## EXERCISE DIRECTIONS:
As you write out the lines from the one containing "#17 drawer frame [652,158,789,249]" through the last line of the records, keep them exact and leave out pictures.

## INFORMATION GIVEN:
□ □ □ □ □ □ □

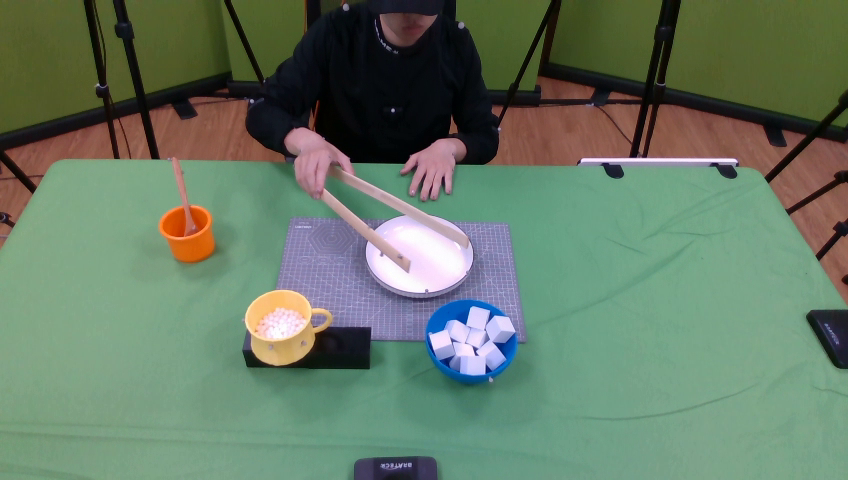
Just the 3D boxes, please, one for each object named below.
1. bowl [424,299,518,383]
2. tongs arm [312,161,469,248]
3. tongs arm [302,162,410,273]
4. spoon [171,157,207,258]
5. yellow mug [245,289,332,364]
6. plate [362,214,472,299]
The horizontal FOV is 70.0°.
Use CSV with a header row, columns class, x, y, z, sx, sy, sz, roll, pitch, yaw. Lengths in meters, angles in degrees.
class,x,y,z,sx,sy,sz,roll,pitch,yaw
bowl,0.072,0.179,0.993,0.151,0.077,0.150,3,46,-3
tongs arm,-0.071,-0.072,1.109,0.385,0.028,0.028,28,44,33
tongs arm,-0.124,-0.051,1.068,0.051,0.026,0.382,-22,40,-33
spoon,-0.444,-0.061,1.133,0.042,0.194,0.021,-12,4,-19
yellow mug,-0.210,0.133,0.954,0.131,0.064,0.099,-9,48,-14
plate,-0.014,0.034,1.150,0.208,0.039,0.206,2,46,-2
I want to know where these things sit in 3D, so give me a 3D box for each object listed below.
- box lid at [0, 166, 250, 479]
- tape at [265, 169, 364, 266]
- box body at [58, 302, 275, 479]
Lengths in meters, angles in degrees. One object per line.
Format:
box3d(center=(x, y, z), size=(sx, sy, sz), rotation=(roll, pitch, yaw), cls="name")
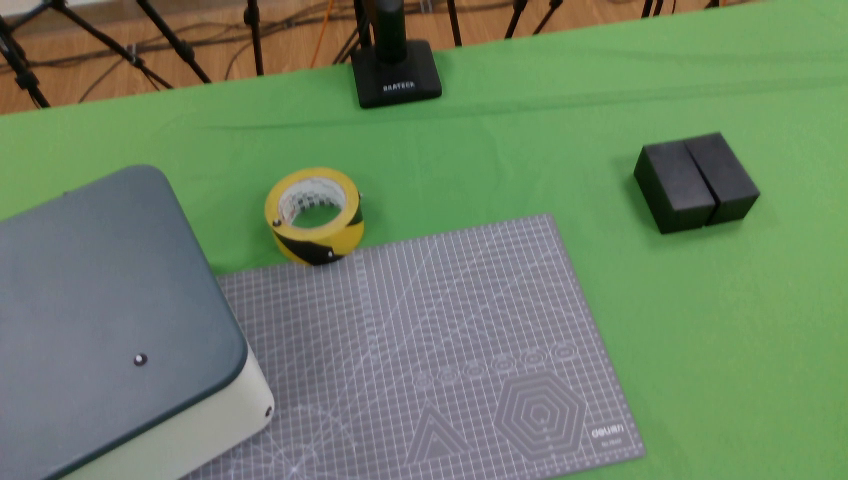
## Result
box3d(center=(-0.354, 0.092, 0.503), size=(0.372, 0.015, 0.260), rotation=(-28, 61, -15), cls="box lid")
box3d(center=(-0.132, -0.028, 0.731), size=(0.117, 0.053, 0.115), rotation=(-1, 54, 1), cls="tape")
box3d(center=(-0.354, 0.133, 0.566), size=(0.364, 0.162, 0.251), rotation=(-28, 60, -15), cls="box body")
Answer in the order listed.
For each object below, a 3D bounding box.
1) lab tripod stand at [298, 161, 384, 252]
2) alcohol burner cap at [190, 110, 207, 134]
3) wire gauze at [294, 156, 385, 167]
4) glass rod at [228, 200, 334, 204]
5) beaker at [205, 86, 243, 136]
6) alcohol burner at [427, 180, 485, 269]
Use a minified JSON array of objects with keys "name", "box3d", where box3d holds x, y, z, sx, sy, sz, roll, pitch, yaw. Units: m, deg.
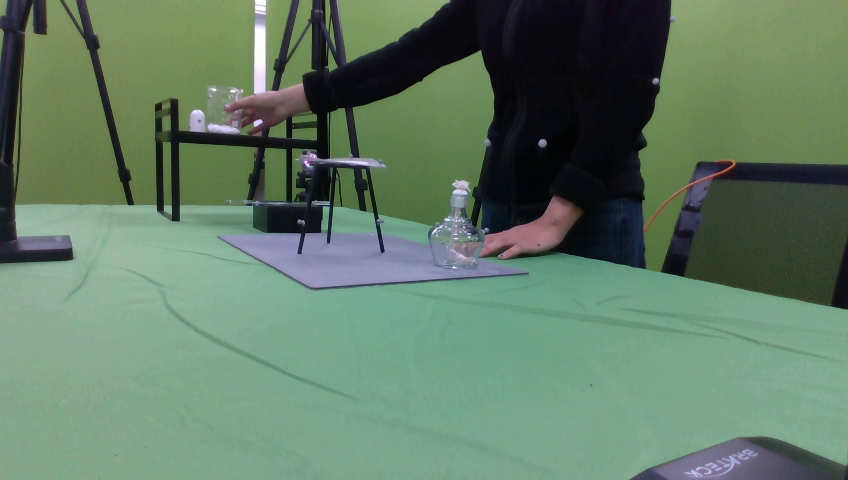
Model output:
[{"name":"lab tripod stand","box3d":[-0.130,-0.051,0.903,0.148,0.131,0.148,3,9,0]},{"name":"alcohol burner cap","box3d":[-0.464,-0.242,1.241,0.034,0.048,0.034,1,7,0]},{"name":"wire gauze","box3d":[-0.128,-0.118,0.901,0.125,0.011,0.121,0,8,-14]},{"name":"glass rod","box3d":[-0.267,-0.072,1.148,0.201,0.008,0.008,-1,8,-28]},{"name":"beaker","box3d":[-0.430,-0.278,1.310,0.084,0.100,0.074,5,8,13]},{"name":"alcohol burner","box3d":[0.044,-0.021,0.807,0.078,0.119,0.078,4,6,0]}]
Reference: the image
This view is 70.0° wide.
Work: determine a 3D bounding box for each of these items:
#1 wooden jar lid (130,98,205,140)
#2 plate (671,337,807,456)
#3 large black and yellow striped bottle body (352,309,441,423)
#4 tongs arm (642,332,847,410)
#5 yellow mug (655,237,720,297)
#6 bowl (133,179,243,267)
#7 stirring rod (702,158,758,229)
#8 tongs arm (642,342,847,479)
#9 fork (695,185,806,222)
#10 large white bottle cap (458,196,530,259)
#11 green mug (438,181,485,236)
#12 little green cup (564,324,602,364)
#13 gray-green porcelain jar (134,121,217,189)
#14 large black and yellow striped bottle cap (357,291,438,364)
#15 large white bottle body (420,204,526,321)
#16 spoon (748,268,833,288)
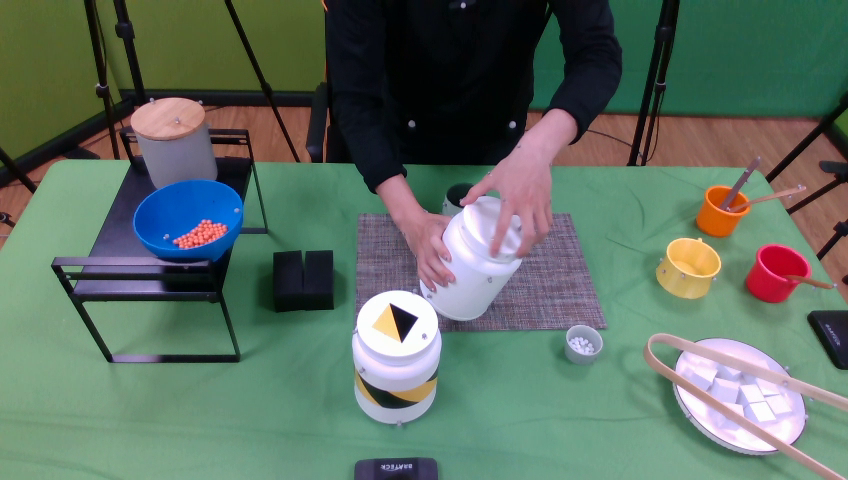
[{"bbox_3d":[-0.393,-0.183,0.934,0.108,0.021,0.107,3,44,-2],"label":"wooden jar lid"},{"bbox_3d":[0.504,0.254,0.984,0.208,0.039,0.206,2,46,-2],"label":"plate"},{"bbox_3d":[-0.042,0.178,0.912,0.131,0.185,0.130,2,46,-2],"label":"large black and yellow striped bottle body"},{"bbox_3d":[0.546,0.227,0.968,0.384,0.026,0.050,22,52,13],"label":"tongs arm"},{"bbox_3d":[0.509,0.041,1.167,0.099,0.064,0.130,24,48,18],"label":"yellow mug"},{"bbox_3d":[-0.339,-0.013,0.895,0.151,0.077,0.150,2,46,-2],"label":"bowl"},{"bbox_3d":[0.634,-0.096,1.257,0.014,0.006,0.176,38,97,29],"label":"stirring rod"},{"bbox_3d":[0.504,0.279,0.918,0.386,0.028,0.028,33,59,22],"label":"tongs arm"},{"bbox_3d":[0.657,-0.074,1.229,0.207,0.019,0.028,-23,36,37],"label":"fork"},{"bbox_3d":[0.107,-0.020,0.925,0.115,0.018,0.114,13,48,-14],"label":"large white bottle cap"},{"bbox_3d":[0.072,-0.040,1.178,0.092,0.105,0.124,12,47,7],"label":"green mug"},{"bbox_3d":[0.269,0.179,1.035,0.061,0.039,0.061,3,45,-2],"label":"little green cup"},{"bbox_3d":[-0.397,-0.141,0.979,0.106,0.127,0.105,2,47,-2],"label":"gray-green porcelain jar"},{"bbox_3d":[-0.037,0.121,0.851,0.115,0.019,0.114,1,46,-1],"label":"large black and yellow striped bottle cap"},{"bbox_3d":[0.081,0.032,0.986,0.131,0.185,0.130,13,48,-14],"label":"large white bottle body"},{"bbox_3d":[0.660,0.068,1.097,0.041,0.193,0.021,-4,91,-6],"label":"spoon"}]
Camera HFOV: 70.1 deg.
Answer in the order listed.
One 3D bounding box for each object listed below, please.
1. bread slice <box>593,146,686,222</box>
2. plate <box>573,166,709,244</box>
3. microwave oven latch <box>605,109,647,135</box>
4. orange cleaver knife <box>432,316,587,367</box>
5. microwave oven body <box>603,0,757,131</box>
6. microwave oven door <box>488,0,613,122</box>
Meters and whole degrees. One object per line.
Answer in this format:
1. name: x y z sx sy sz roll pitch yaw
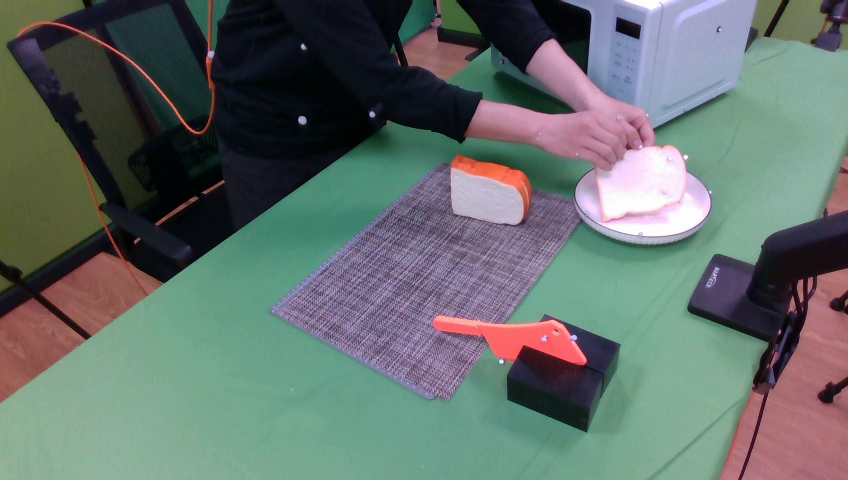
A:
1. bread slice: 0.338 -0.094 0.947 0.134 0.107 0.018 -13 10 14
2. plate: 0.347 -0.059 0.978 0.207 0.039 0.206 -4 41 4
3. microwave oven latch: 0.378 -0.225 1.139 0.030 0.029 0.078 -26 43 -19
4. orange cleaver knife: 0.101 0.127 0.761 0.210 0.077 0.012 -1 34 40
5. microwave oven body: 0.396 -0.448 1.248 0.327 0.261 0.437 -27 44 -21
6. microwave oven door: 0.251 -0.412 1.219 0.039 0.245 0.352 -27 44 -21
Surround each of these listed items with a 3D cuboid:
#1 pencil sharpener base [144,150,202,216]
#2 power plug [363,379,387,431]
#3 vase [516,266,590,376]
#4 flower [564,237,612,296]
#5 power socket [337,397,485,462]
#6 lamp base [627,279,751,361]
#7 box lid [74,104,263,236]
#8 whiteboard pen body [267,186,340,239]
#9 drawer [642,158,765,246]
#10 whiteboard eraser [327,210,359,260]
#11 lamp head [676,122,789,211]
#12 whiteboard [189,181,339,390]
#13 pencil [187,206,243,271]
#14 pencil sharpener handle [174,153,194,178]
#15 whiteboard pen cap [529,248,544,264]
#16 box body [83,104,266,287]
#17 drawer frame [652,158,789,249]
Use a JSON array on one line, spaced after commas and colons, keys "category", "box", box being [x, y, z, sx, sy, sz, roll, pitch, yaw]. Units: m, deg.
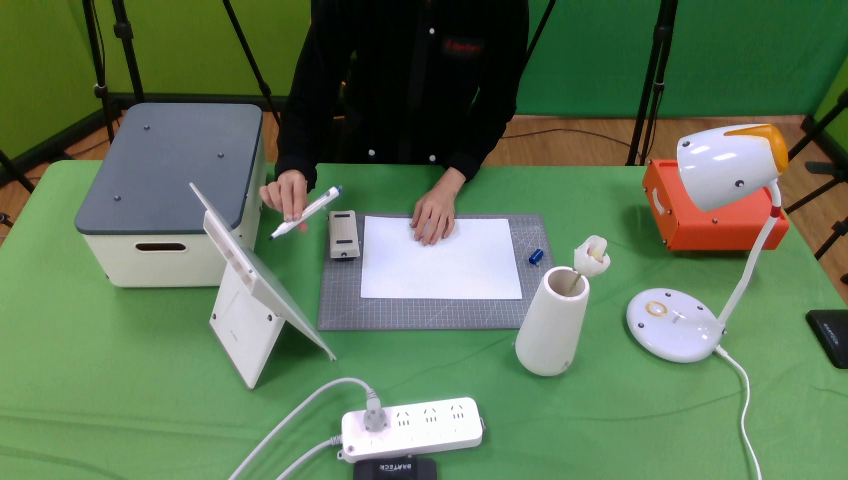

□ □ □ □ □ □ □

## WORKED SOLUTION:
#17 drawer frame [652,158,789,249]
Use a JSON array on one line, spaced after commas and colons, keys "category", "box", box being [x, y, z, sx, sy, sz, roll, pitch, yaw]. Units: m, deg.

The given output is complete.